Thierry Malet, is a French composer of film music. He is also the designer of the very first MIDI guitars and a new 3D spatialization system for feature film music.

Life and career 
Thierry Malet started to study the piano at the age of 7 at the Conservatoire of Paris with the pianist and concertist Marie-Claire Laroche, where he took courses in harmony and composition. But it was to be a further ten years before he discovered his true passion at Claude Bolling's school, writing film scores. In order to gain a fuller understanding of musical acoustics, he went to study acoustics at the Conservatoire National des Arts et Métiers.

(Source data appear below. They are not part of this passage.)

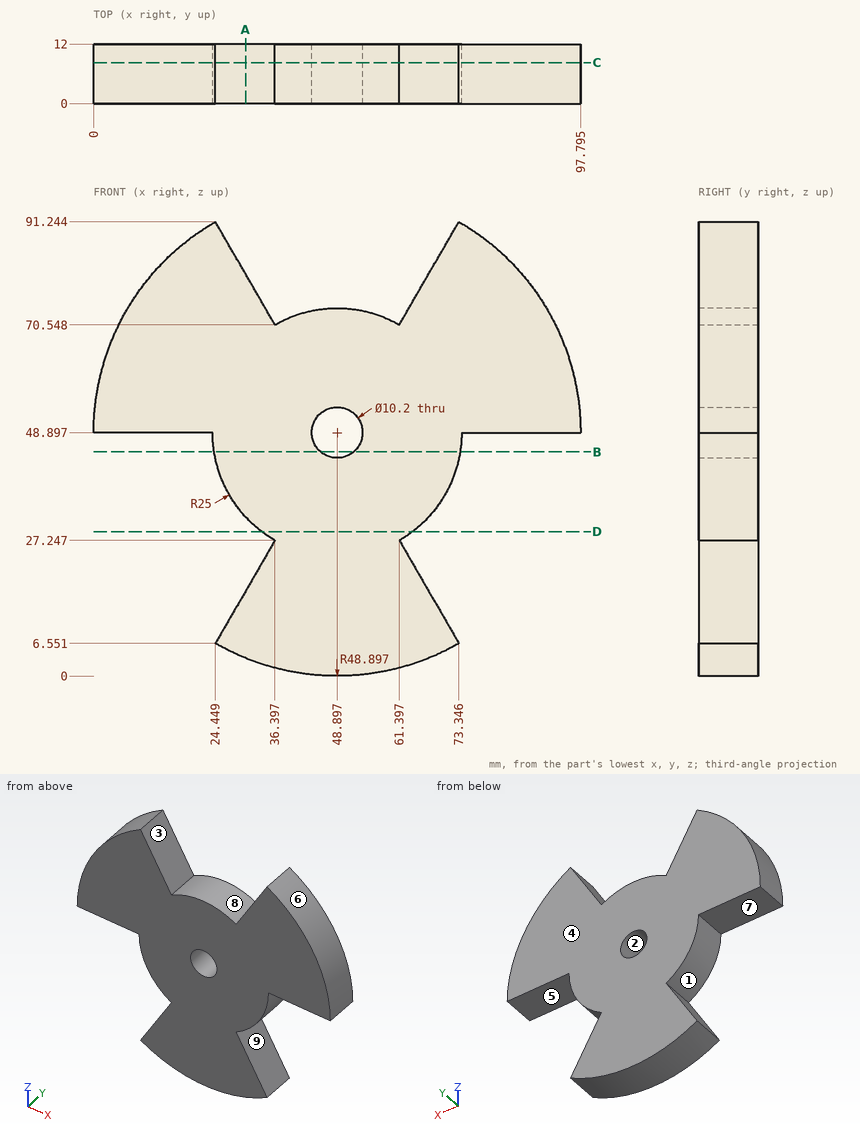
Verification items for this drawing (mm, ordinates from the low corner). A direction names the side the tool comes from. Coordinates: 2 decimals unless noted, no trailing zeros. Loops run counter-clockwise (first coordinate to the right, second up) from the corner with the lowest first, then second, coordinate; pieces in that order, holes last. Notation, with made-up numbers: (61.5, 14.25) - (69.5, 14.25) arc R5 ccw to (69.5, 18.25) - close; hole circle Ø4 at (-4.75, 62). An arc over 180 degrees is marked (long way). One line per item, written item: value. Start each with the question number.
(1) Depth check by flat-ended pin: P1, Ø2, axis at y = 8, z = 73.5, coming from the -X side; P2, Ø6, axis at x = 89, y = 3.5, coming from the -Z side; P3, Ø4, axis at y = 4.5, z = 58.5, coming from the +X side. Enter the tip coordinate at first touch or a pass-through.
(2) Cross-section at A-A on x = 30.5. Enter the section's corners in (y, z).
(3) Cross-section at D-D on z = 29. Enter the section's corners in (x, y), plus the area to 3 significant figures.
(4) Cross-section at B-B on z = 45. Enter the section's corners in (x, y).
(5) Cross-section at C-C on y = 8.25. Enter the section's corners in (x, z) (1 decimal), plus the area to 3 significant figures.
(6) Mould release check, pull along X, two halves, no side actions. Record for the marked faces 1, 2, 3 and 4: released by +X, released by -X, zero draft, split by the parting line, or undercut.
(7) Material ranges on line 1 (X direction, y = 4, z = 79) (1 decimal); line 2 (Z direction, x = 62.5, y = 9.75) (1 decimal); line 3 (X direction, y = 2.5, z = 81.5) (1 decimal), recorded low to high. Write a range as [from, to].
(8) Tool access check on the marked faces 5, 6, 7, 8 and 9. Record the directions out of +Z, -Z, +X, -X, +Y, -Y that give a thin tool (end or side, any length) a straight path to the whole face; none if there is none.
Results below:
1. P1: stops at x = 6.07
1. P2: stops at z = 48.9
1. P3: stops at x = 97.2
2. outline: (0, 3.59) - (12, 3.59) - (12, 17.03) - (0, 17.03) - close; (0, 31.97) - (12, 31.97) - (12, 80.76) - (0, 80.76) - close
3. outline: (33.76, 0) - (64.03, 0) - (64.03, 12) - (33.76, 12) - close
3. area: 363 mm2
4. outline: (24.2, 0) - (45.61, 0) - (45.61, 12) - (24.2, 12) - close; (52.19, 0) - (73.59, 0) - (73.59, 12) - (52.19, 12) - close
5. outline: (0, 48.9) - (23.9, 48.9) arc R25 ccw to (36.4, 27.2) - (24.4, 6.6) arc R48.9 ccw to (73.3, 6.6) - (61.4, 27.2) arc R25 ccw to (73.9, 48.9) - (97.8, 48.9) arc R48.9 ccw to (73.3, 91.2) - (61.4, 70.5) arc R25 ccw to (36.4, 70.5) - (24.4, 91.2) arc R48.9 ccw to start; hole circle Ø10.2 at (48.9, 48.9)
5. area: 4,660 mm2
6. face 1: released by -X
6. face 2: undercut
6. face 3: undercut
6. face 4: zero draft
7. line 1: x = [10.4, 31.5], [66.3, 87.4]
7. line 2: z = [1.9, 25.3], [27.9, 72.5]
7. line 3: x = [12.5, 30.1], [67.7, 85.3]
8. face 5: -Z, +X, +Y, -Y
8. face 6: +Z, +X, +Y, -Y
8. face 7: -Z, -X, +Y, -Y
8. face 8: +Z, +Y, -Y
8. face 9: +X, +Y, -Y
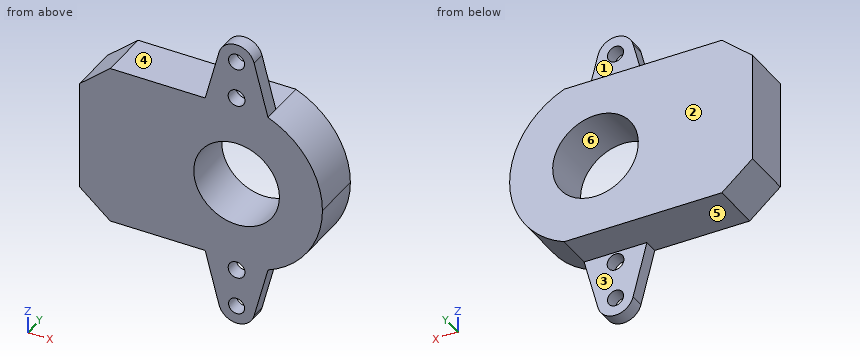
from build123d import *

# Parameters (mm, degrees)
BOSS_EXTRUDE1_DEPTH = 9
SKETCH2_R           = 1.435
SKETCH2_R_2         = 1.5
BOSS_EXTRUDE2_DEPTH = 2.54
SKETCH3_R           = 7.65
CUT_EXTRUDE1_DEPTH  = 52.496474637


with BuildPart() as part:
    # Sketch1 → Boss-Extrude1 (new body)
    with BuildSketch(Plane(origin=(0, 0, 0), x_dir=(1, 0, 0), z_dir=(0, 1, 0))):
        with BuildLine():
            Line((0, -9.7536), (0, 9.7536))
            Line((0, 9.7536), (5.464049586, 14.385))
            Line((5.464049586, 14.385), (33.652501624, 14.385))
            ThreePointArc((33.652501624, 14.385), (40.719855435, 8.682632804), (43.38, 0))
            ThreePointArc((43.38, 0), (40.719855435, -8.682632804), (33.652501624, -14.385))
            Line((33.652501624, -14.385), (5.464049586, -14.385))
            Line((5.464049586, -14.385), (0, -9.7536))
        make_face()
    extrude(amount=BOSS_EXTRUDE1_DEPTH)

    # Sketch2 → Boss-Extrude2 (add)
    # profile 1 of 2: a face of its own
    with BuildSketch(Plane.XZ):
        with BuildLine():
            Line((31.171361508, -23.834680852), (33.652501624, -14.385))
            Line((33.652501624, -14.385), (22.427498376, -14.385))
            Line((22.427498376, -14.385), (24.908638492, -23.834680852))
            ThreePointArc((24.908638492, -23.834680852), (28.04, -26.25), (31.171361508, -23.834680852))
        make_face()
        with Locations(Location((28.04, -23.0125, 0), (0, 0, 270))):
            Circle(SKETCH2_R, mode=Mode.SUBTRACT)
        with Locations(Location((28.04, -16.215, 0), (0, 0, 270))):
            Circle(SKETCH2_R_2, mode=Mode.SUBTRACT)
    # profile 2 of 2: a face of its own
    with BuildSketch(Plane.XZ):
        with BuildLine():
            Line((22.427498376, 14.385), (33.652501624, 14.385))
            Line((33.652501624, 14.385), (31.171361508, 23.834680852))
            ThreePointArc((31.171361508, 23.834680852), (28.04, 26.25), (24.908638492, 23.834680852))
            Line((24.908638492, 23.834680852), (22.427498376, 14.385))
        make_face()
        with Locations(Location((28.04, 16.215, 0), (0, 0, 270))):
            Circle(SKETCH2_R_2, mode=Mode.SUBTRACT)
        with Locations(Location((28.04, 23.0125, 0), (0, 0, 270))):
            Circle(SKETCH2_R, mode=Mode.SUBTRACT)
    extrude(amount=-BOSS_EXTRUDE2_DEPTH)

    # Sketch3 → Cut-Extrude1 (cut, through all)
    with BuildSketch(Plane(origin=(0, 9, 0), x_dir=(1, 0, 0), z_dir=(0, 1, 0))):
        with Locations(Location((28.04, 0, 0), (0, 0, 270))):
            Circle(SKETCH3_R)
    extrude(amount=-CUT_EXTRUDE1_DEPTH, mode=Mode.SUBTRACT)


solid = part.part
Can you work these out from the model? Positions are in its coordinate system, mm. Face numbers are marked on the shaded views. A direction names the side the tool comes from. Coordinates: 2 decimals unless noted, no trailing zeros. Order: outer loops, then holes, each group sorted by start corner. A loop starts at its lowest first (then second) coordinate and runs counter-clockwise, first axis right, second up. Notation, with made-up numbers: (-13.5, 34) - (15.5, 34) arc R21 ccw to (15.5, 67) - close; hole circle Ø11 at (-4.5, 73). An arc over 180 degrees is marked (long way). Answer as a JSON object with one key per item and string values. Group by question number.
Q1. On a 3-axis mill with a long thin cutter (end or side, diameter ignored), from which of +Z, -Z, +X, -X, +Y, -Y can I reach the whole of each face in a straight line? I mean the marked faces 1, 2 and 3. Say none if no direction works.
Q2. Imagine slicing it at C-C (z = 6). Please give me the cut outline in (x, y).
Q3. Imagine slicing it at D-D (z = -2.5). Please give me the cut outline in (x, y).
Q4. Will these pins go through, and if not, where does the flat tip stop? P1, Ø9, axis at x = 29.5, z = 19, coming from the +Y side; P2, Ø1, axis at y = 2, z = 11, coming from the +X side.
Q5. We'd pull the mould along Z, two halves only. Please class the marked faces 4, 5 and 6: +Z half, -Z half, draft (parallel to the pull), parting line (faces both ways), or undercut.
Q6. Imagine slicing it at B-B (x = 28.04). Give the number of separate pieces and of enclosed holes in the cut face, and give its area (3 significant figures).
Q7. I need wall thicknesses on line 1 (Z direction, x = 24, y = 6.25) (3 decimals); line 2 (X direction, y = 4.75, z = -3); line 3 (Z direction, x = 6.5, y = 3) (3 decimals). Which ranges of each line are inside material? Lowest first, please. Write a range as from..to.
Determined:
{
 "1": {"face 1": "+Z, +X, -X, +Y", "face 2": "+Z, -Z, +X, -X, +Y", "face 3": "-Z, +X, -X, +Y"},
 "2": {"outline": "(0, 0) - (23.29, 0) - (23.29, 9) - (0, 9) - close; (32.79, 0) - (42.17, 0) - (42.17, 9) - (32.79, 9) - close"},
 "3": {"outline": "(0, 0) - (20.81, 0) - (20.81, 9) - (0, 9) - close; (35.27, 0) - (43.18, 0) - (43.18, 9) - (35.27, 9) - close"},
 "4": {"P1": "stops at y = 2.54", "P2": "stops at x = 39.28"},
 "5": {"face 4": "+Z half", "face 5": "-Z half", "face 6": "undercut"},
 "6": {"separate pieces": "6", "enclosed holes": "0", "area": "152 mm2"},
 "7": {"line 1": "z = -14.385..-6.496, 6.496..14.385", "line 2": "x = 0..21, 35.08..43.09", "line 3": "z = -14.385..14.385"}
}
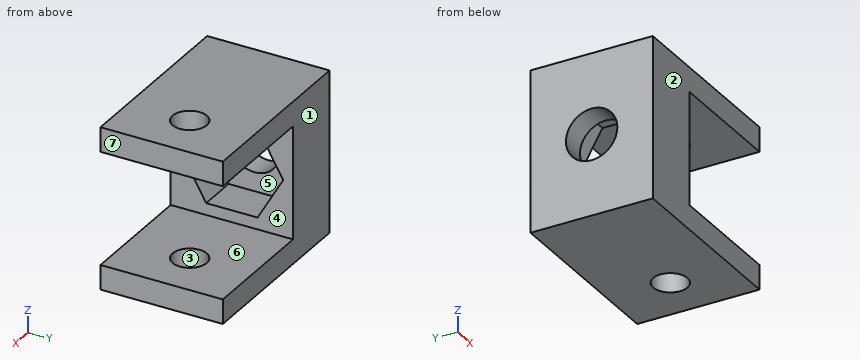
from build123d import *

# Parameters (mm, degrees)
BOSS_EXTRU_1_DEPTH      = 25
ESQUISSE3_R             = 3.5
ENL_V_MAT_EXTRU_1_DEPTH = 57.196085273
ESQUISSE4_R             = 5.25
ENL_V_MAT_EXTRU_2_DEPTH = 49.363209157
ENL_V_MAT_EXTRU_3_DEPTH = 8


with BuildPart() as part:
    # Esquisse2 → Boss.-Extru.1 (new body)
    with BuildSketch(Plane(origin=(0, 0, 0), x_dir=(1, 0, 0), z_dir=(0, 1, 0))):
        Polygon((0, 0), (-38, 0), (-38, -33), (0, -33), (0, -28), (-25, -28), (-25, -5), (0, -5), align=None)
    extrude(amount=BOSS_EXTRU_1_DEPTH)

    # Esquisse3 → Enlèv. mat.-Extru.1 (cut, through all)
    with BuildSketch(Plane.XY.offset(33)):
        with Locations((-10, 12.5)):
            Circle(ESQUISSE3_R)
    extrude(amount=-ENL_V_MAT_EXTRU_1_DEPTH, mode=Mode.SUBTRACT)

    # Esquisse4 → Enlèv. mat.-Extru.2 (cut, through all)
    with BuildSketch(Plane(origin=(-25, 0, 0), x_dir=(0, 0, -1), z_dir=(1, 0, 0))):
        with Locations((-16.5, 12.5)):
            Circle(ESQUISSE4_R)
    extrude(amount=-ENL_V_MAT_EXTRU_2_DEPTH, mode=Mode.SUBTRACT)

    # Esquisse5 → Enlèv. mat.-Extru.3 (cut)
    with BuildSketch(Plane(origin=(-25, 0, 0), x_dir=(0, 0, -1), z_dir=(1, 0, 0))):
        Polygon((-7.40673326, 17.75), (-16.5, 23), (-25.59326674, 17.75), (-25.59326674, 7.25), (-16.5, 2), (-7.40673326, 7.25), align=None)
    extrude(amount=-ENL_V_MAT_EXTRU_3_DEPTH, mode=Mode.SUBTRACT)


solid = part.part
Could you check a few things on this model? Use its own coordinates, in mm. Face numbers are marked on the shaded views. A direction names the side the tool comes from. Give positions to 0.01 mm unless a question says otherwise; leave off trailing zeros. Write each loop counter-clockwise with the first axis right and the second up, starting at its lowest first coordinate (ties: lowest second). Pieces come first, ordered by that corner, then holes. Notation, with made-up numbers: (60.25, 0) -> (109.25, 0) arc R13 cw to (109.25, 21) -> close; hole circle Ø9 at (63.25, 58). An arc over 180 degrees is marked (long way). Write each question's results on one line, items separated by ' | '. Start each with the question number.
Q1. I need wall thicknesses on probe 1 along Z at (x, y) = (-32, 16.5); probe 2 along Z at (x, y) = (-23, 18.25); probe 3 along Y at (x, z) = (-10, 31). Which ranges of each line are inside material? Lowest first, please.
Q2. Suppose I cut it at C-C, the plane z = 28.5. List the corners of the cut face in (x, y) for me.
Q3. We'd pull the mould along Y, two halves only. Please class the marked faces 1, 2, 3 and 4: +Y half, -Y half, draft (parallel to the pull), parting line (faces both ways), or undercut.
Q4. Suppose I cut it at A-A, the plane y = 12.5. List the corners of the cut face in (x, z) for me.
Q5. I'm going to push flat-ended pins straight in: pin 1 Ø14.5 at (y, z) = (9, 16.5) entering from +X; pin 2 Ø6 at (x, z) = (-11.5, 24.5) entering from -Y. Where does each tip first touch, or does it pass through?
Q6. Suppose I cut it at B-B, the plane x = -10. List the corners of the cut face in (y, z) for me.
Q7. Suppose I cut it at D-D, the plane x = -26.5. List the corners of the cut face in (y, z) for me, and give its area (3 significant figures).
Q8. Which directions (+Z, -Z, +X, -X, +Y, -Y) give clear straight access to the entire face, cutting with the end or side of a thin tool? Please do the marked faces 5, 6 and 7.
Outcome:
1) probe 1: 0 to 7.41, 25.59 to 33 | probe 2: 0 to 5, 28 to 33 | probe 3: 0 to 9, 16 to 25
2) outline: (-38, 0) -> (0, 0) -> (0, 25) -> (-38, 25) -> close; hole circle Ø7 at (-10, 12.5)
3) face 1: +Y half | face 2: -Y half | face 3: undercut | face 4: draft
4) outline: (-38, 0) -> (-13.5, 0) -> (-13.5, 5) -> (-25, 5) -> (-25, 7.41) -> (-33, 7.41) -> (-33, 11.25) -> (-38, 11.25) -> close; (-38, 21.75) -> (-33, 21.75) -> (-33, 25.59) -> (-25, 25.59) -> (-25, 28) -> (-13.5, 28) -> (-13.5, 33) -> (-38, 33) -> close; (-6.5, 0) -> (0, 0) -> (0, 5) -> (-6.5, 5) -> close; (-6.5, 28) -> (0, 28) -> (0, 33) -> (-6.5, 33) -> close
5) pin 1: x = -25 | pin 2: through
6) outline: (0, 0) -> (9, 0) -> (9, 5) -> (0, 5) -> close; (0, 28) -> (9, 28) -> (9, 33) -> (0, 33) -> close; (16, 0) -> (25, 0) -> (25, 5) -> (16, 5) -> close; (16, 28) -> (25, 28) -> (25, 33) -> (16, 33) -> close
7) outline: (0, 0) -> (25, 0) -> (25, 33) -> (0, 33) -> close; hole (2, 16.5) -> (7.25, 7.41) -> (17.75, 7.41) -> (23, 16.5) -> (17.75, 25.59) -> (7.25, 25.59) -> close | area: 539 mm2
8) face 5: +X | face 6: +X, +Y, -Y | face 7: +Z, -Z, +X, +Y, -Y
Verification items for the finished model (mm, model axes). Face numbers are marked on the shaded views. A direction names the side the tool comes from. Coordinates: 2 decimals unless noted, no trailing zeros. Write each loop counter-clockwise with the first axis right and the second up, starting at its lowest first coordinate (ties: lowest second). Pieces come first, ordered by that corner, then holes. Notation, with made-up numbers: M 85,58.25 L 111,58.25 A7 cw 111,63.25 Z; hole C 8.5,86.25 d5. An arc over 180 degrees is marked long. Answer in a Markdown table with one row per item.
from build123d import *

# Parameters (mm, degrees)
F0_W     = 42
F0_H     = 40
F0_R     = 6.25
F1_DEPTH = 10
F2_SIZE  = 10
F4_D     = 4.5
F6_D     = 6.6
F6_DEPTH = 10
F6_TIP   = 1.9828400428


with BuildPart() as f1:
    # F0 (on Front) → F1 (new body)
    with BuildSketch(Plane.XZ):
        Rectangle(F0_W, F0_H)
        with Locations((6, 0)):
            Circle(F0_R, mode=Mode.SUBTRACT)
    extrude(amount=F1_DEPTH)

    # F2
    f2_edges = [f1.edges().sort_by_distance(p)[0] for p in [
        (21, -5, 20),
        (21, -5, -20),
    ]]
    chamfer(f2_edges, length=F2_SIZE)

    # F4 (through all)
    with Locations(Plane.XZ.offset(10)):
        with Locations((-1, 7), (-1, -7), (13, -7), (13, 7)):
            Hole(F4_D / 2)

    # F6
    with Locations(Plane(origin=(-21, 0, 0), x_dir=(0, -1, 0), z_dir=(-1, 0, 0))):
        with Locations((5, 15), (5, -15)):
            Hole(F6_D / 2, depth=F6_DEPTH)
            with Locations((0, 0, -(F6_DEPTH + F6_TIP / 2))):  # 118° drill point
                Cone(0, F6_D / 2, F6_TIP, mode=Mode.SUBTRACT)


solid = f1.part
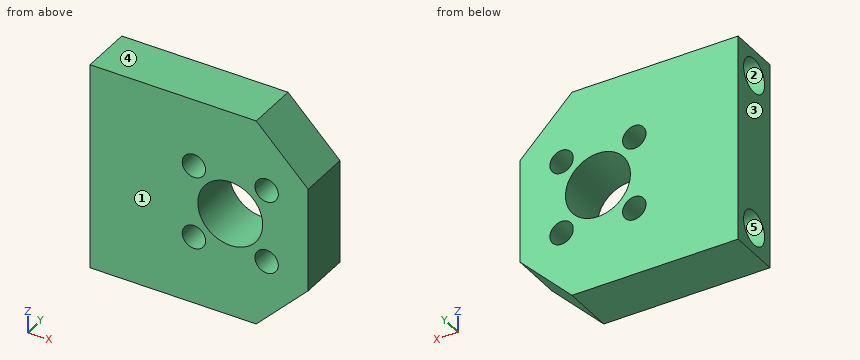
1) Sectioned sample at D-D (x = 6). Record the cut outline in (y, z), then the cut area to 3 significant figures.
Response values:
| item | result |
|---|---|
| outline | M -10,-20 L 0,-20 L 0,-6.25 L -10,-6.25 Z; M -10,6.25 L 0,6.25 L 0,20 L -10,20 Z |
| area | 275 mm² |
2) Sectioned sample at B-B (x = -1). Record the cut outline in (y, z), then the cut area to 3 significant figures.
Response values:
| item | result |
|---|---|
| outline | M -10,-20 L 0,-20 L 0,-9.25 L -10,-9.25 Z; M -10,-4.75 L 0,-4.75 L 0,4.75 L -10,4.75 Z; M -10,9.25 L 0,9.25 L 0,20 L -10,20 Z |
| area | 310 mm² |
3) Thickness scan on L1, parallel to Z at x = -1, y = -7; L2, parallel to Z at x = -14, y = -5; L3, parallel to Y at x = -15.75, z = 15. Record the ranges inside material, lowest first. Write a range as [from, to].
Response values:
| item | result |
|---|---|
| L1 | z = [-20, -9.25], [-4.75, 4.75], [9.25, 20] |
| L2 | z = [-20, -18.3], [-11.7, 11.7], [18.3, 20] |
| L3 | y = [-10, -8.3], [-1.7, 0] |
4) Sectioned sample at C-C (z = 0). Record the cut outline in (x, y), then the cut area to 3 significant figures.
Response values:
| item | result |
|---|---|
| outline | M -21,-10 L -0.25,-10 L -0.25,0 L -21,0 Z; M 12.25,-10 L 21,-10 L 21,0 L 12.25,0 Z |
| area | 295 mm² |
5) Release check for a two-part mould opening along Y. For the marked faces 1, 2 and 3 record: +Y half, -Y half, draft (parallel to the pull), parting line (faces both ways), or undercut.
Response values:
| item | result |
|---|---|
| face 1 | -Y half |
| face 2 | undercut |
| face 3 | draft |
6) Tool access check on the marked faces 4 and 5. Record the directions out of +Z, -Z, +X, -X, +Y, -Y that give a thin tool (end or side, any length) a straight path to the whole face; none if there is none.
Response values:
| item | result |
|---|---|
| face 4 | +Z, +X, -X, +Y, -Y |
| face 5 | -X |
7) Depth check by flat-ended pin: pin 1 (5 mm diameter, centred on x = -1, z = -7, fed in from +Y); pin 2 (4 mm diameter, centred on y = -2.5, z = 16, fed in from +X); pin 3 (5.5 mm diameter, centred on y = -5, z = 15, fed in from -X); pin 4 (4 mm diameter, centred on x = 13, z = 7, fed in from +Y). Enter the tip coordinate at first touch or a pass-through.
Response values:
| item | result |
|---|---|
| pin 1 | stops at y = 0 |
| pin 2 | stops at x = 17 |
| pin 3 | stops at x = -10.67 |
| pin 4 | passes through |
8) Sectioned sample at A-A (z = 7). Record the cut outline in (x, y).
Response values:
| item | result |
|---|---|
| outline | M -21,-10 L -3.25,-10 L -3.25,0 L -21,0 Z; M 1.25,-10 L 10.75,-10 L 10.75,0 L 1.25,0 Z; M 15.25,-10 L 21,-10 L 21,0 L 15.25,0 Z |

In 1986, he developed the very first MIDI digital guitar in Belgium with the RTBF laboratories. before moving to the Sheffield University in England where he graduated with a Ph.D. in bioacoustics  and architectural acoustic computer simulation. Confident in this experience, he returned to France in 1994 and was soon to compose a number of original scores for television broadcasts and documentaries before going on to sign scores for French and American feature films. In 1995, he founded his own executive musical production company in order to gain a perfect understanding of the recording business.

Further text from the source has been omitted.